They wait until the man goes on his way before they leave the mine, burnt and bloody, two dead boys stepping out into the sunshine. 

...

“We should just go,” says Raylan. They’re out in Brogie Holler, in the woods behind Bo’s hunting cabin. Raylan’s cleaning his boots with a wet cloth, blood and coal dust staining the fabric and staining his hands. When he wrings it out, the water runs an ugly, grayed-out pink.

Boyd looks up from the creek he’s wading in. “How we gonna get anywhere like this, Raylan? We got no money. We ain’t got no good clothes.”

Raylan shrugs. “Ain’t like we haven’t starved to death before.”

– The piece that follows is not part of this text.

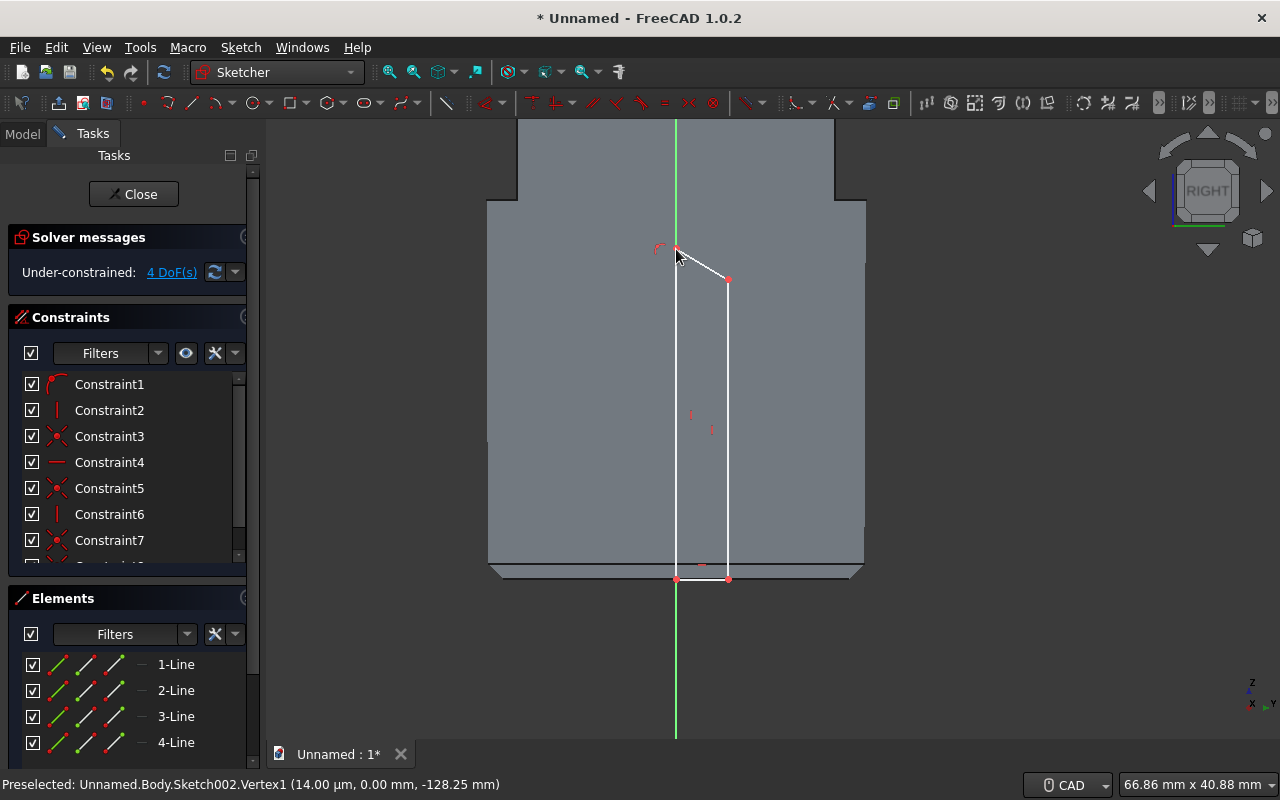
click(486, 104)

Boyd wants to make him bleed again. Wants something to point to, to say _Look at this. This is what you are,_ the water wrung from Raylan’s cloth already swallowed by Harlan’s hungry soil, Raylan’s blood running down like a Eucharist. 

Boyd wants Raylan to kiss him. Wants to bite him, and feel Raylan flinch against him at the realization of a split lip. Wants to feel the cut as it closes against his tongue.

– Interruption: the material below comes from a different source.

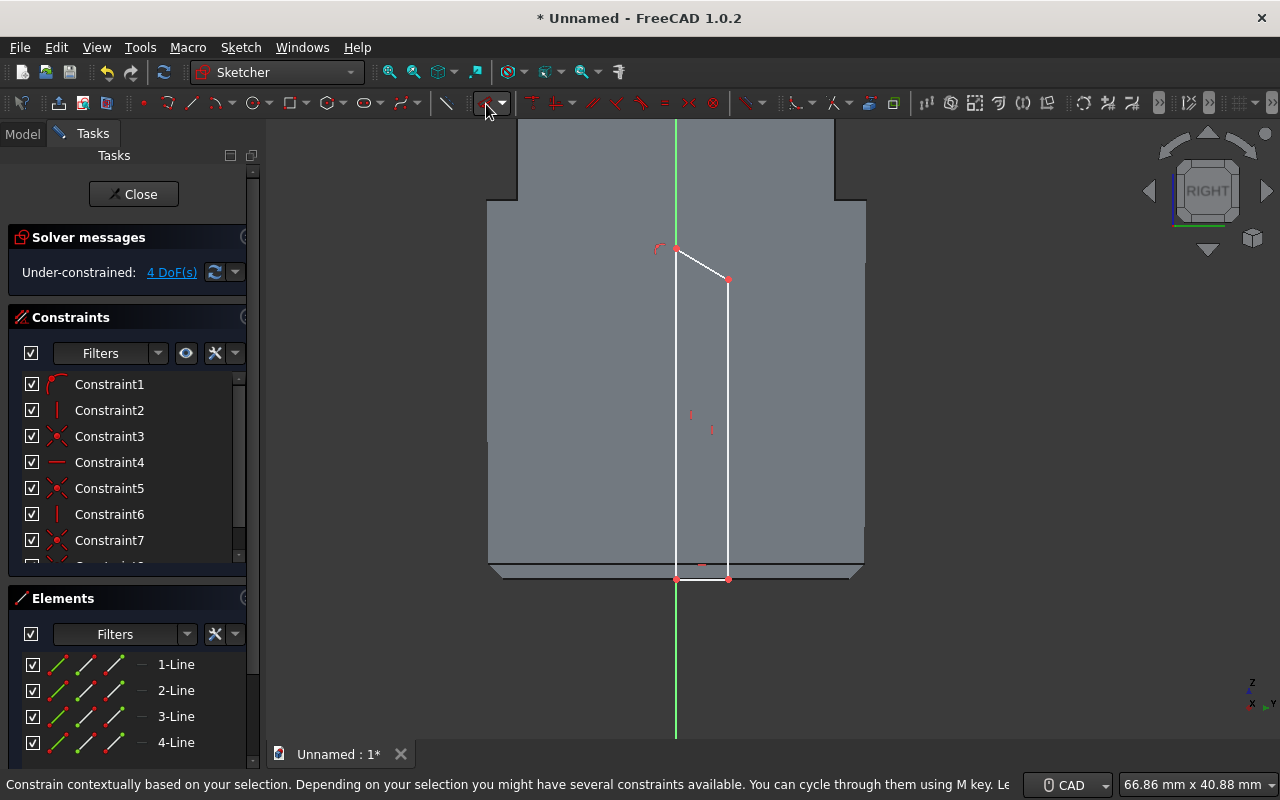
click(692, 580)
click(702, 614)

He sighs and makes his way back to the bank. “Where the hell we gonna go, Raylan?”

...

The first one to find them calls himself Shelby Parlow. Raylan knows him from his dreams.

Shelby finds them in Boyd’s daddy’s cabin in Bulletville, and they still flinch a little when he pulls a pocket knife and snaps it open. He tells them to sit down. They don’t.

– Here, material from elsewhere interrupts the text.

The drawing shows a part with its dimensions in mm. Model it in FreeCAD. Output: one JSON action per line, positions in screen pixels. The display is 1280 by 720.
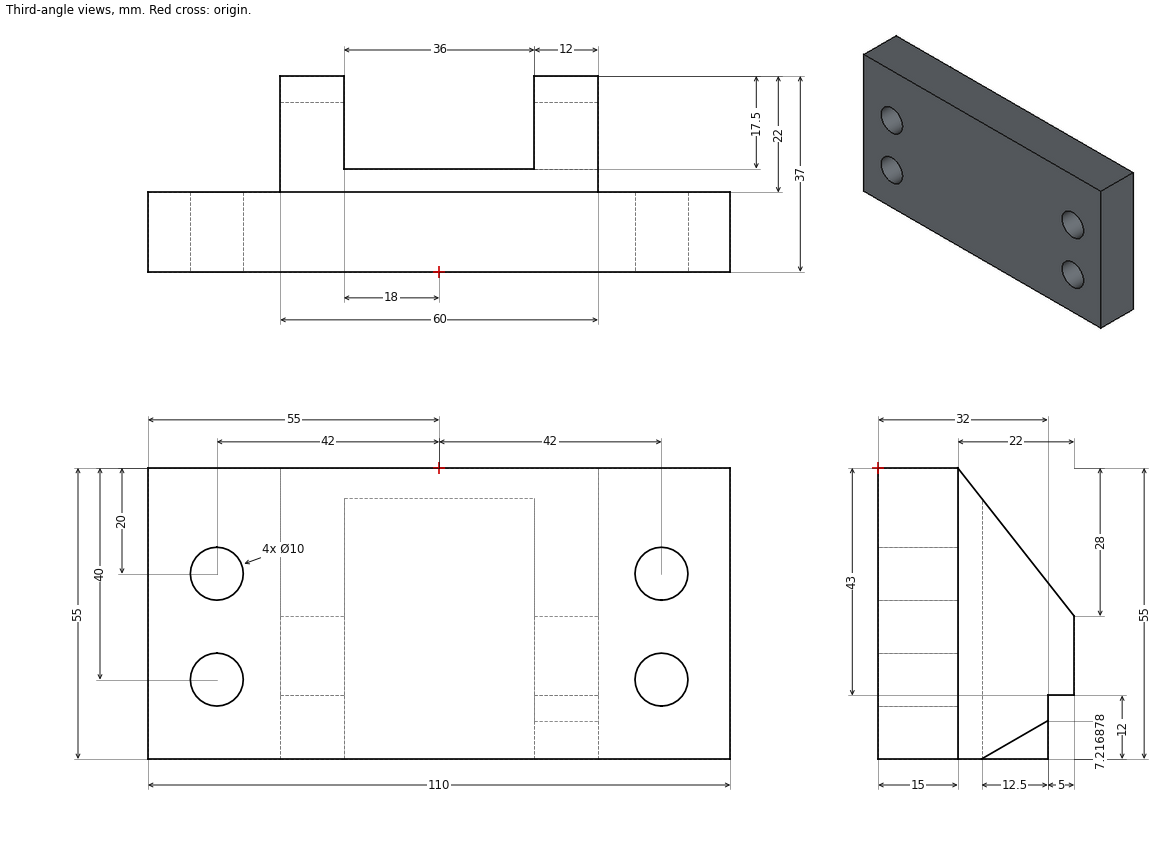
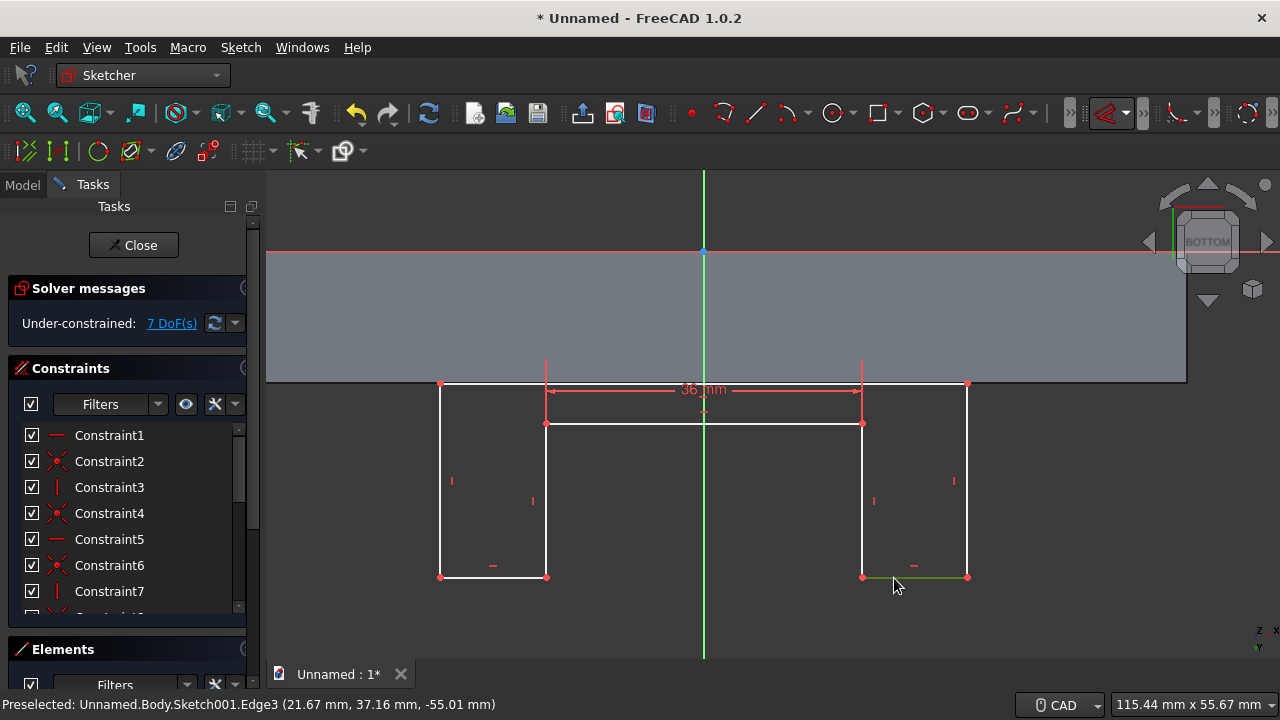
{"action": "left_click", "coordinate": [1128, 114]}

He cuts himself. It bleeds, and then it stops bleeding. The skin comes back together before their eyes, scabbing and shrinking and then shrinking further, and it’s hard to determine the exact moment it disappears—growing smaller and smaller until it becomes too small to see. 

They sit their asses down.

There are other people like them, Shelby says. People who die, and die, and live to die again. He used to travel with a group of them who call themselves the Guard, easy to pass off—The National Guard, people assume when they hear it, or some kind of security detail. And sometimes, that’s what they are. Other times they’re the ones from whom others need to be guarded. But they do what they think is right.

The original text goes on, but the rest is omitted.